Richard Lehman’s journal review—19 January 2015

richard_lehmanNEJM 15 Jan 2015 Vol 372
201 “The main challenge is to ensure better systems [of sharing data] for the future. Because ‘the optimal systematic review would have complete information about every trial—the full protocol, final study report, raw dataset, and any journal publications and regulatory submissions, ‘a prospective system of research governance should insist on nothing less… These changes have been long called for, and delay has already caused harm. The evidence we publish shows that the current situation is a disservice to research participants, patients, health systems, and the whole endeavour of clinical medicine.”

Although there are technical hurdles, we need to change how we think about data. We need to view it as a community resource, much like a shared park, rather than as personal property. We need to recall every day that selfless volunteers put themselves at risk to advance medical science by enabling the data to be gathered. To honor that sacrifice, we need to turn those data into applicable knowledge; somebody else may well find something useful in your trial data that have been sitting idle for years. Let’s share and find out.”

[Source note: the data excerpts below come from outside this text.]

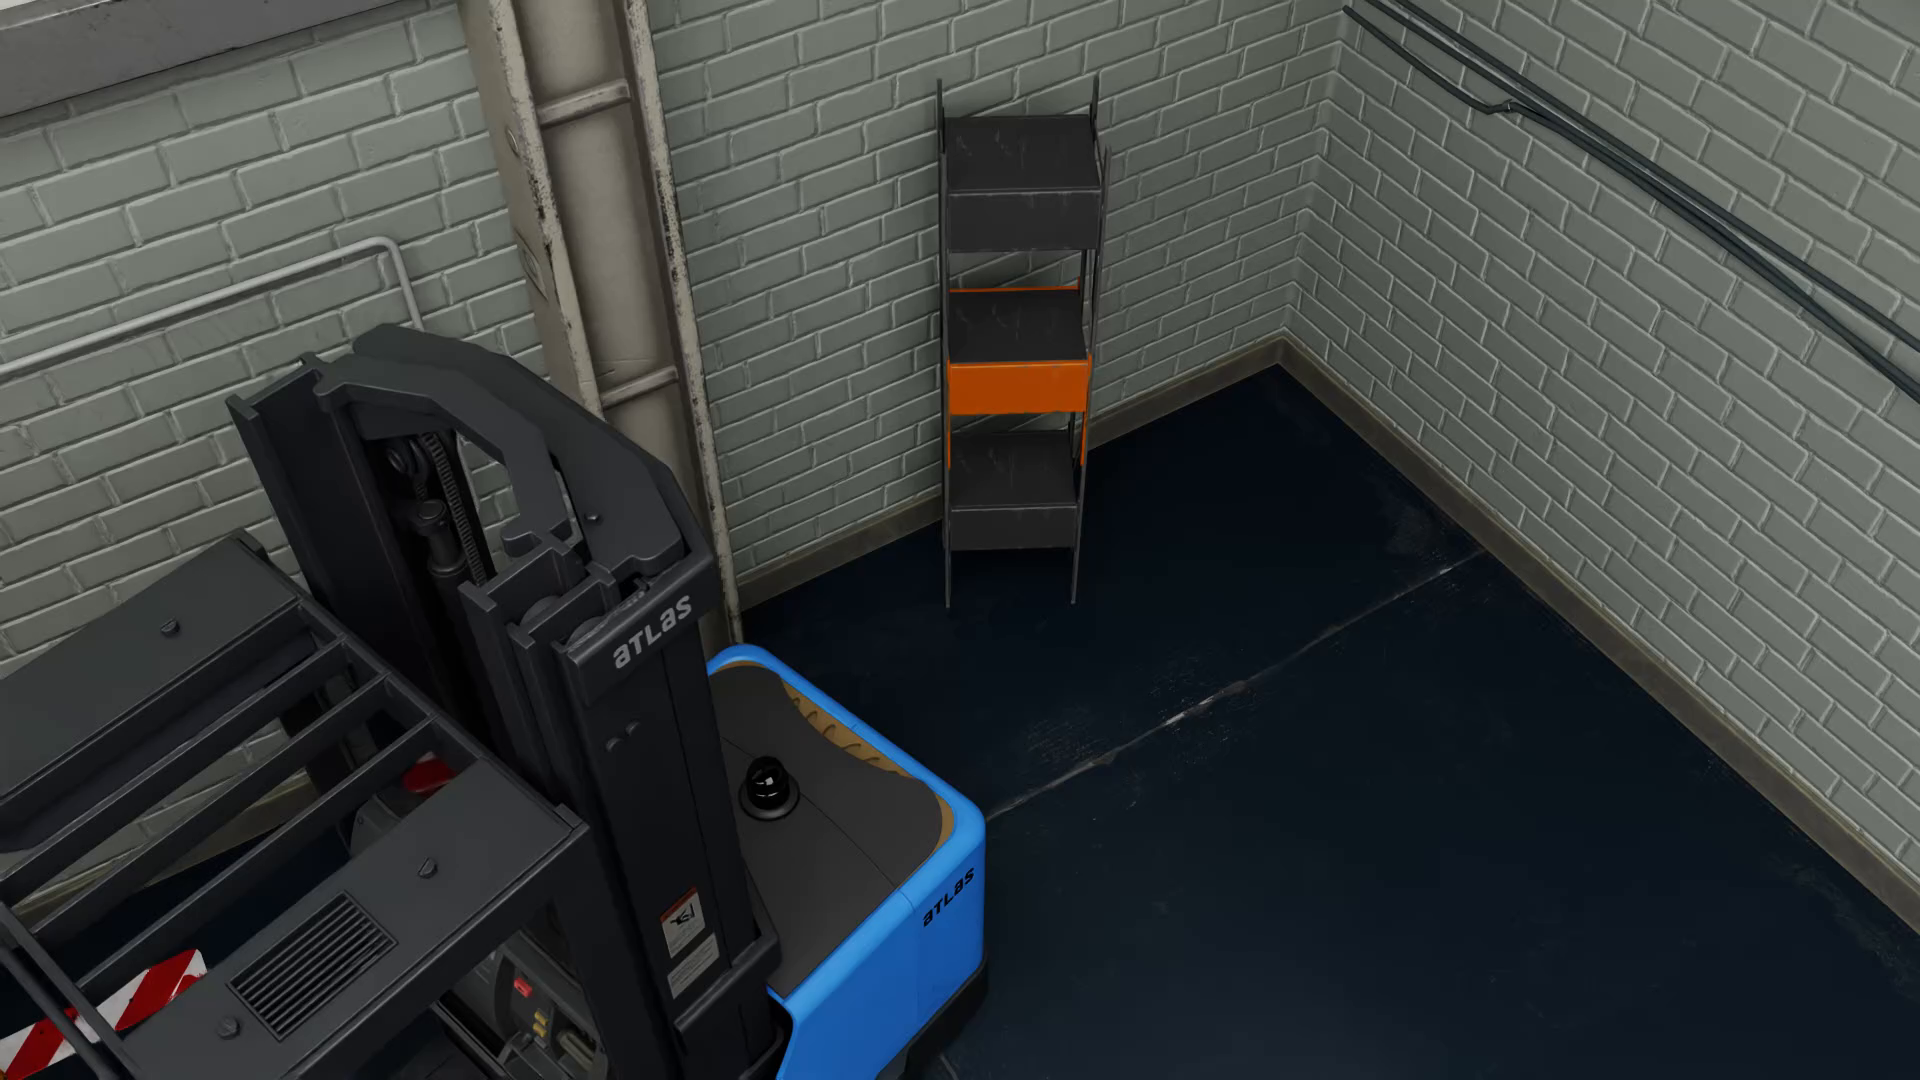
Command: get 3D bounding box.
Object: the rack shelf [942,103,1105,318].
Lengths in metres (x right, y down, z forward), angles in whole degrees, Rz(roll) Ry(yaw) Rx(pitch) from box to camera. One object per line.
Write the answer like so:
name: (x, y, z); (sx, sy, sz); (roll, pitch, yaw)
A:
rack shelf: (0.188, -1.047, 5.302); (0.480, 0.518, 0.431); (-2, 48, -2)

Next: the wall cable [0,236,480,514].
wall cable: (-2.280, -0.351, 4.319); (1.851, 1.984, 0.084); (-25, 53, -21)

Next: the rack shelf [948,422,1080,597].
rack shelf: (0.188, -0.116, 6.348); (0.480, 0.518, 0.431); (-2, 48, -2)

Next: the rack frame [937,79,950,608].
rack frame: (-0.056, -0.583, 5.808); (0.015, 2.100, 0.400); (-2, 48, -2)

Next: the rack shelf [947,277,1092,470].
rack shelf: (0.188, -0.581, 5.825); (0.480, 0.518, 0.431); (-2, 48, -2)

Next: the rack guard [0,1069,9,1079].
rack guard: (-2.838, 1.916, 4.654); (0.348, 0.500, 1.175); (-25, 53, -21)

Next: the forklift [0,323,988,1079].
forklift: (-1.258, 1.093, 3.759); (1.130, 2.935, 3.031); (33, 56, 26)

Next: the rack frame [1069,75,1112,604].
rack frame: (0.432, -0.598, 5.822); (0.015, 2.100, 0.400); (-2, 48, -2)

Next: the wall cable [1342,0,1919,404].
wall cable: (2.116, -1.896, 4.437); (0.112, 2.526, 3.097); (-25, 53, -21)

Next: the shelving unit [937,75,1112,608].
shelving unit: (0.188, -0.590, 5.815); (0.503, 2.100, 0.431); (-2, 48, -2)

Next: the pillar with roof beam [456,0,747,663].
pillar with roof beam: (1.260, 0.196, 0.495); (0.400, 9.000, 9.100); (-25, 53, -21)
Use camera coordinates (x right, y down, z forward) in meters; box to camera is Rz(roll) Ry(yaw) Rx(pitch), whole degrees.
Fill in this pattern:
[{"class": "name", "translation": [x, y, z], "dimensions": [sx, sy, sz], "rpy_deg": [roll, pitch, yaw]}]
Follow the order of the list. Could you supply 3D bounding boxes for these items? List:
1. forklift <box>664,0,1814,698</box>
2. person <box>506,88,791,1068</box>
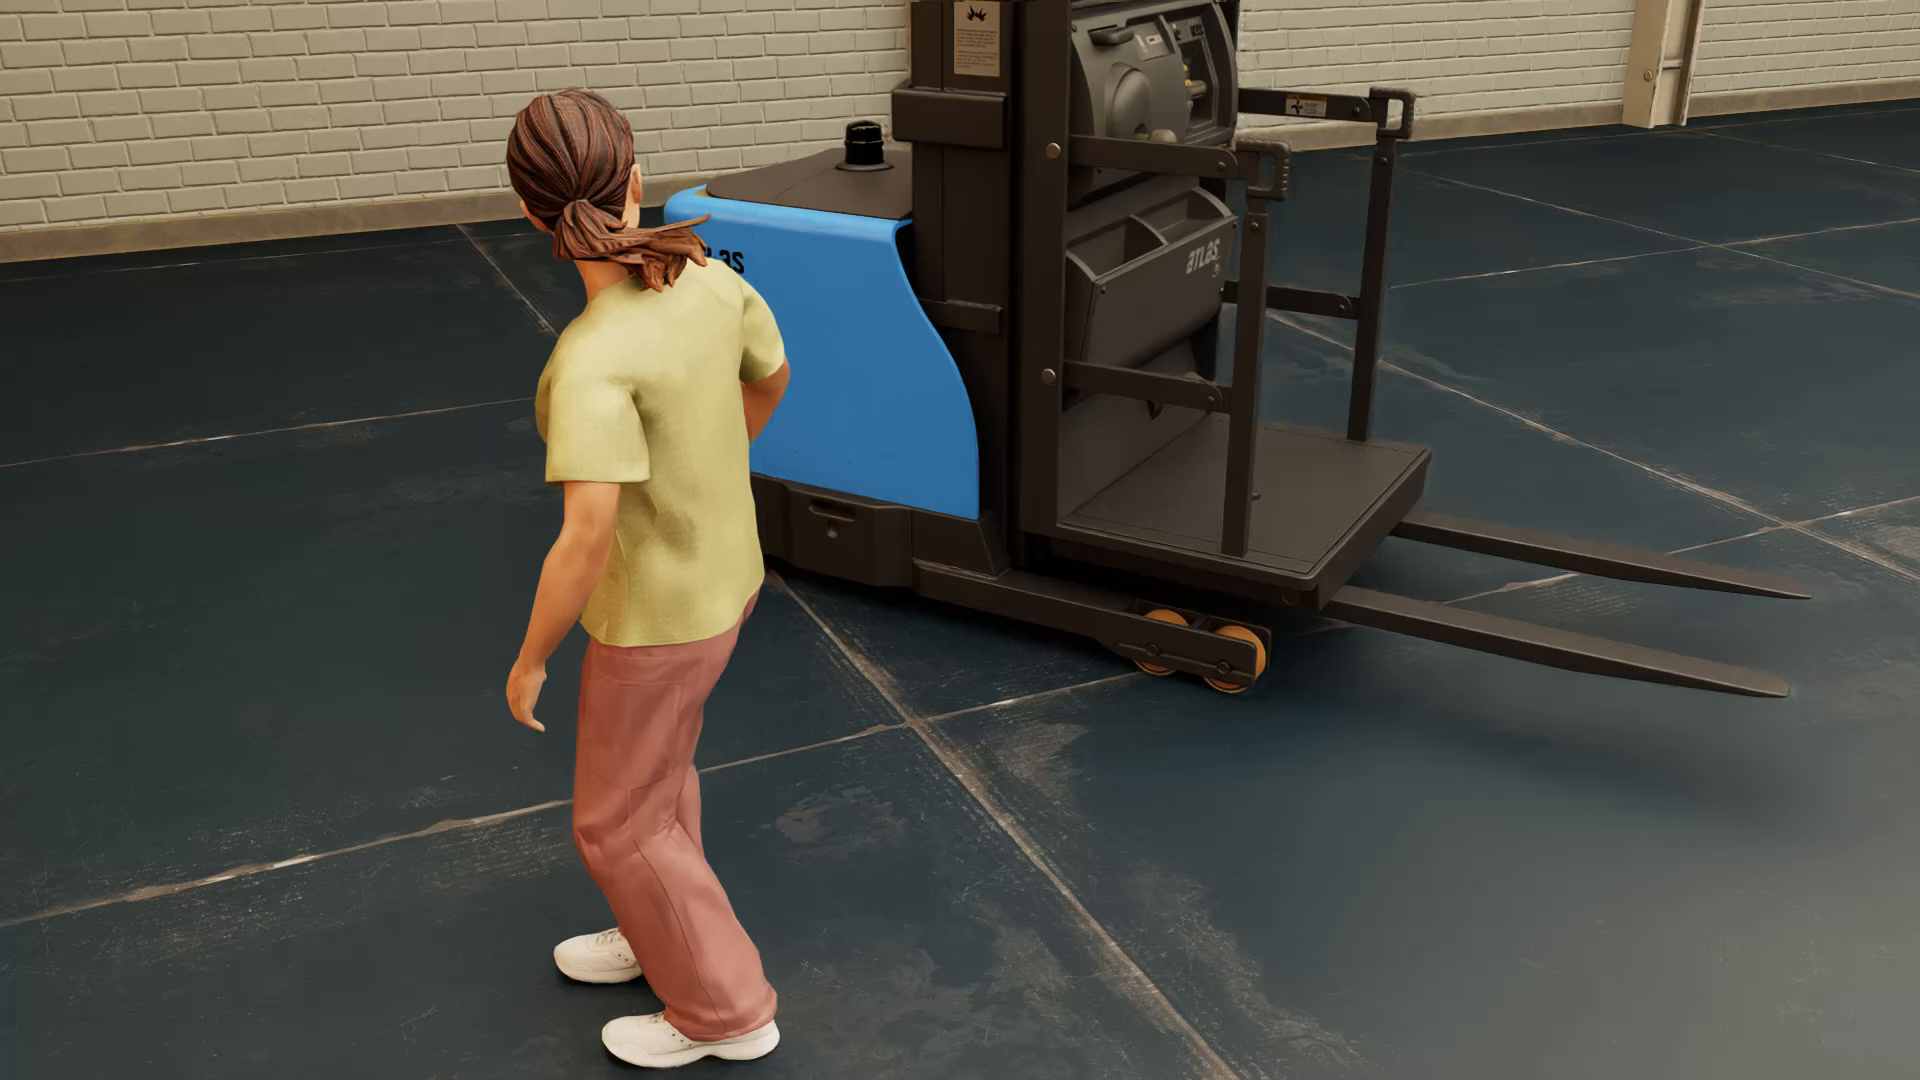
[{"class": "forklift", "translation": [0.690, -1.201, 4.178], "dimensions": [3.031, 2.935, 1.130], "rpy_deg": [12, 26, 27]}, {"class": "person", "translation": [-0.551, 0.124, 2.668], "dimensions": [0.485, 1.648, 0.655], "rpy_deg": [4, 23, 10]}]
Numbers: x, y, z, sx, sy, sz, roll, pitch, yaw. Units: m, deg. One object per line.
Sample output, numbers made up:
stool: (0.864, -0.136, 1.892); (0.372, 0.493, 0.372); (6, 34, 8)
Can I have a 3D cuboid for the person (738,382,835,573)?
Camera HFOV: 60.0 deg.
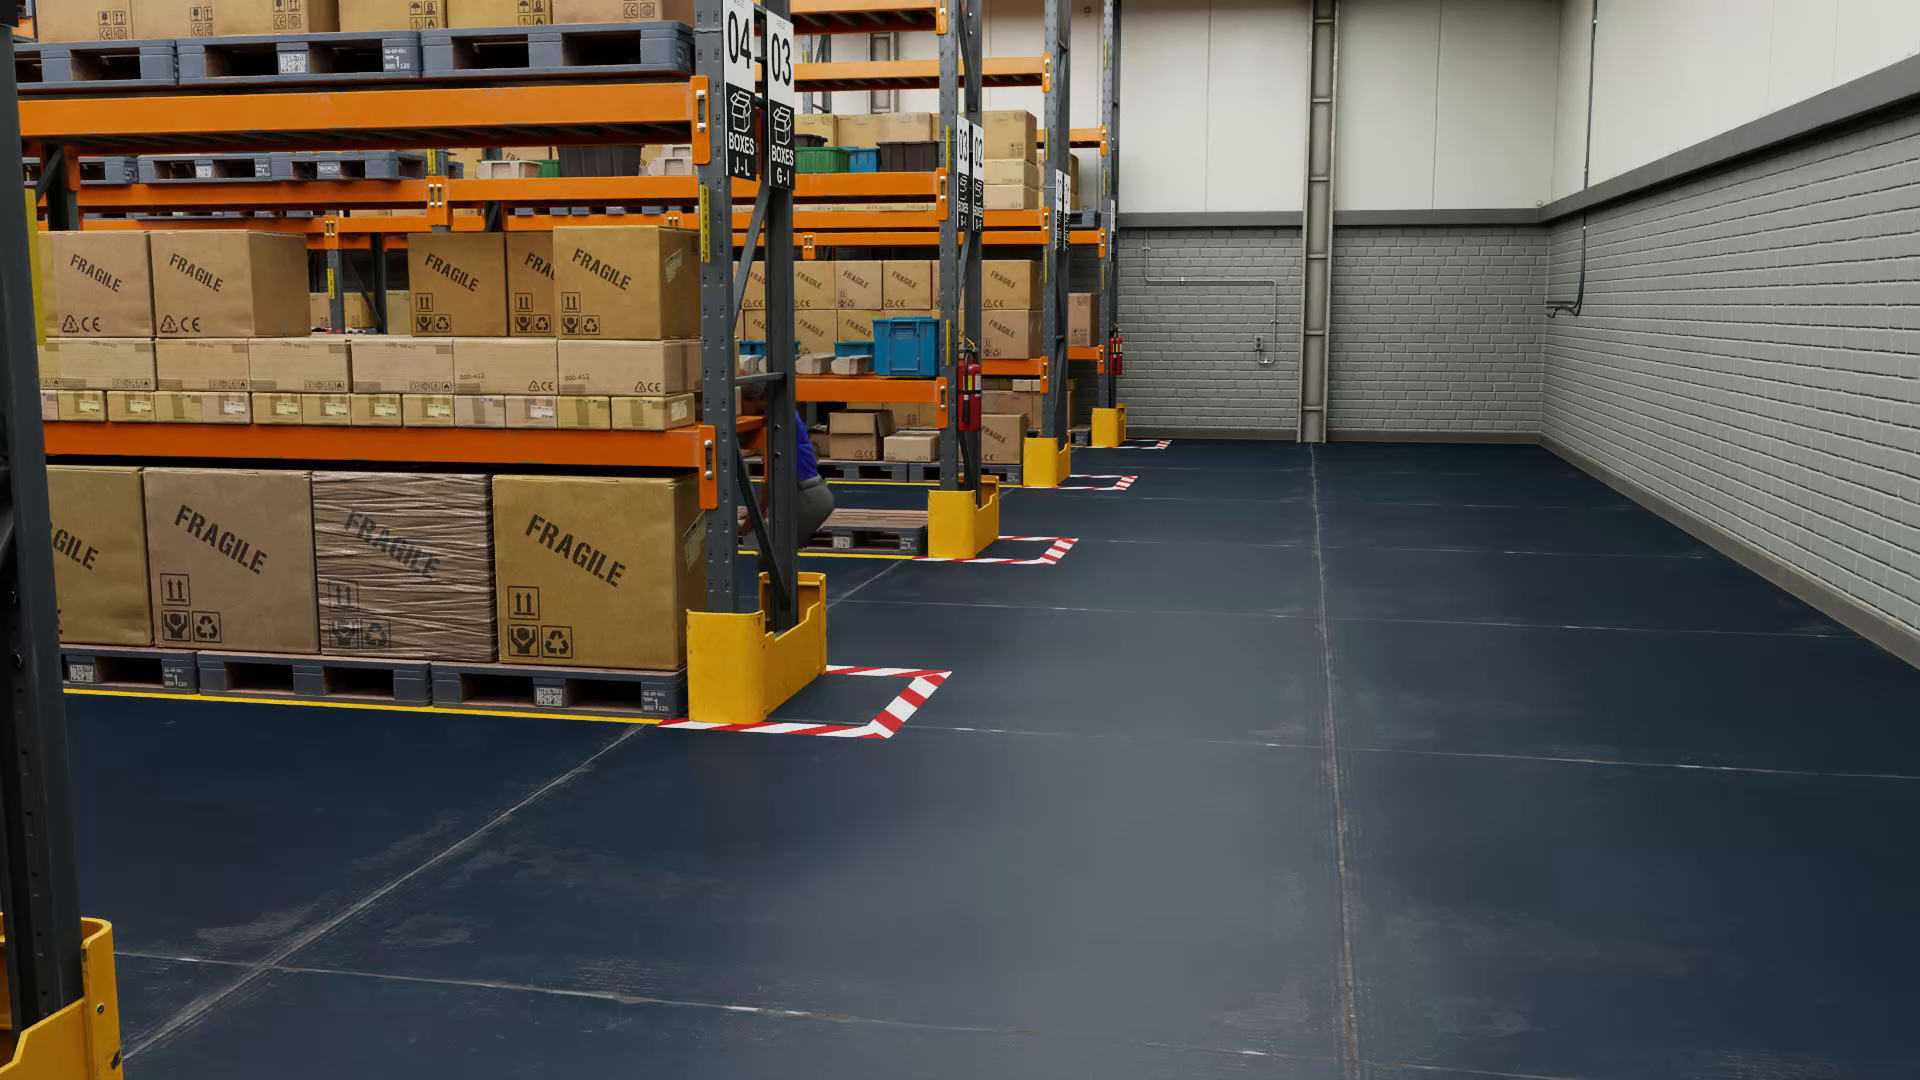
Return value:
person: (-0.986, -0.181, 9.351); (0.556, 1.465, 0.490); (0, 8, -2)
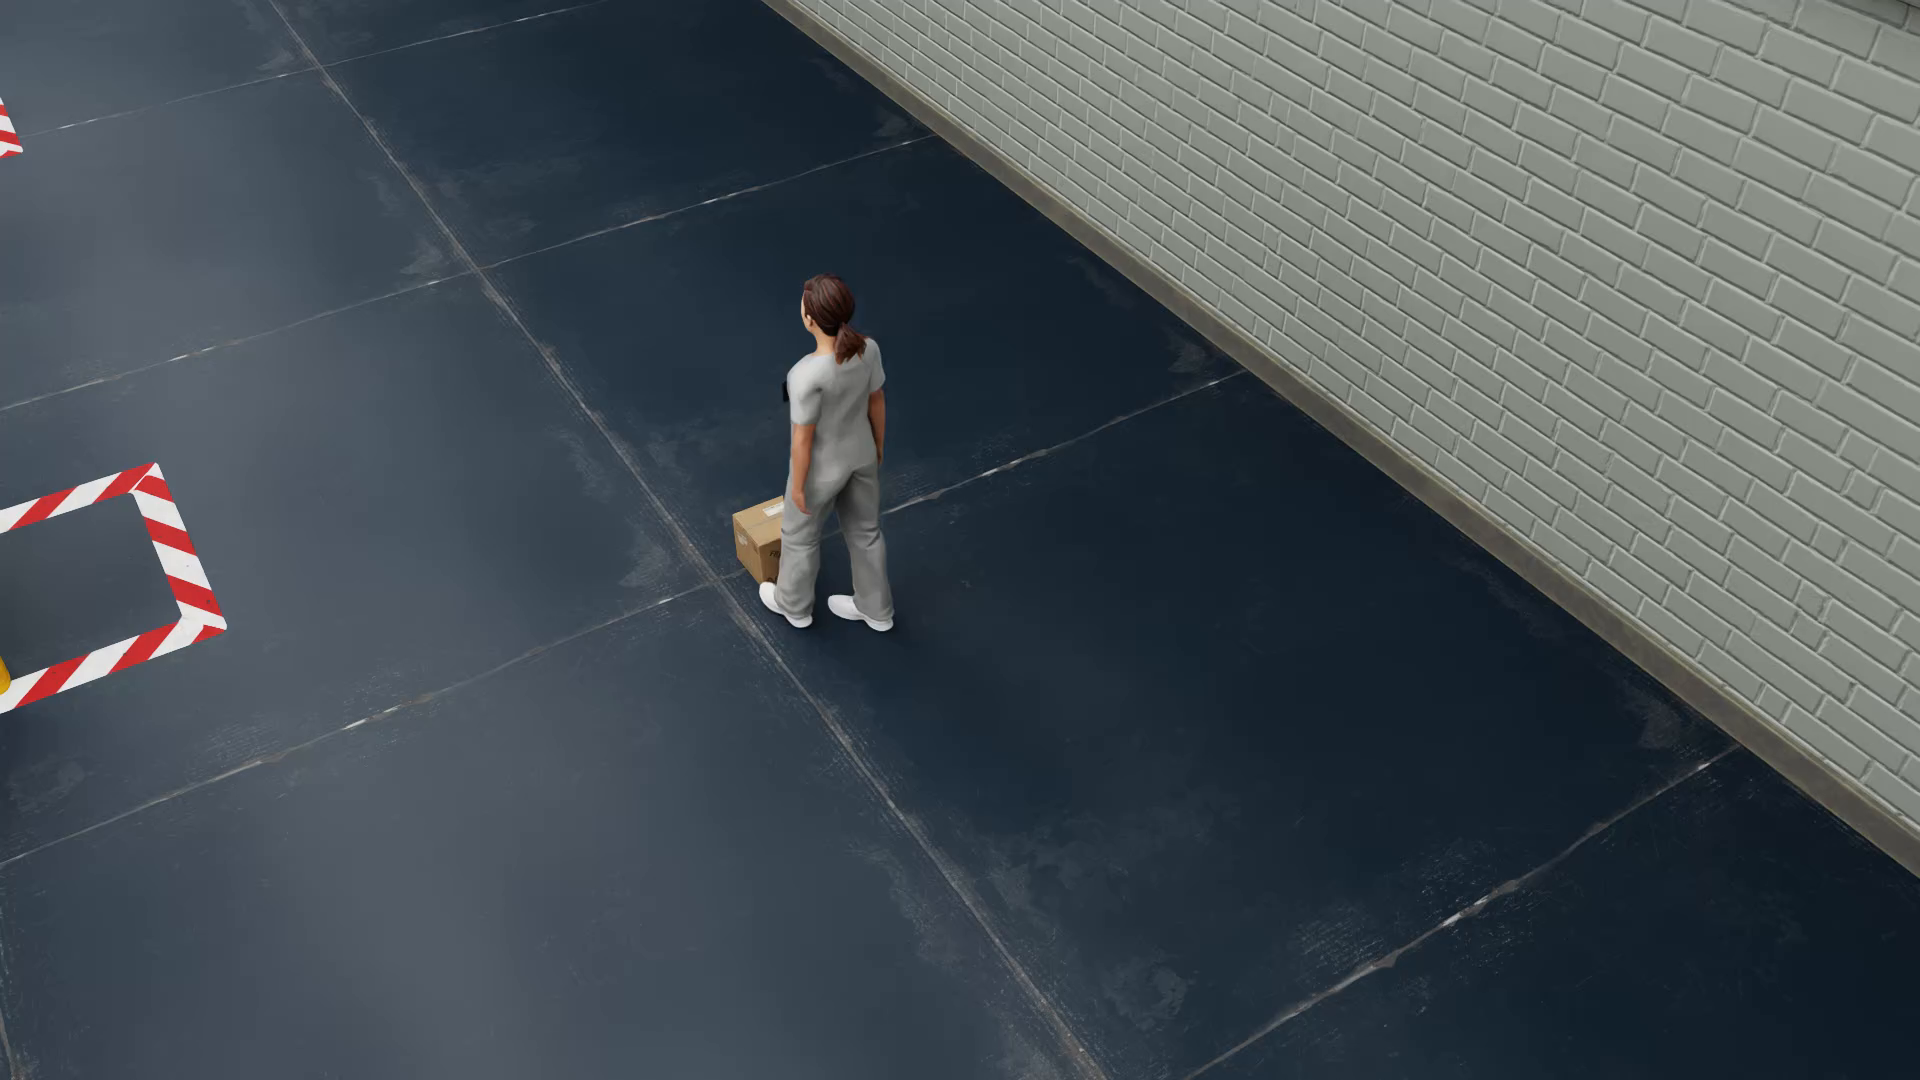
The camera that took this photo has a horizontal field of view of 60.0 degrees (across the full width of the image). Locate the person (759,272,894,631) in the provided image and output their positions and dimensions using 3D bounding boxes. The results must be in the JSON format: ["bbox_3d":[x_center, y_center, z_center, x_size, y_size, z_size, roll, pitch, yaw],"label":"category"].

The first quote is from an editorial in The BMJ of Jan 2, 2012, written with Elizabeth Loder on the back of work I was doing with Harlan Krumholz at Yale, who earlier that year had already begun to address the “technical hurdles” that Jeffrey Drazen refers to in the second quote, from Jan 16, 2015. It is nice to see progress at last, thanks to the new report from the Institute of Medicine. But that progress could have been a lot faster if the same people had been listening three years ago.

JAMA 14 Jan 2015 Vol 313
156 In a population cohort from Wisconsin, 22 of 81 participants with asthma experienced incident obstructive sleep apnoea over their first observed four year follow-up interval compared with 75 of 466 participants without asthma. So if you are wheezy in Wisconsin you are likely to be sleepy too. This is quite a startling figure: if over a quarter of a cohort get something within 4 years of observation, how many are likely to be unaffected after say 20 years? I blame the weather and the cheese.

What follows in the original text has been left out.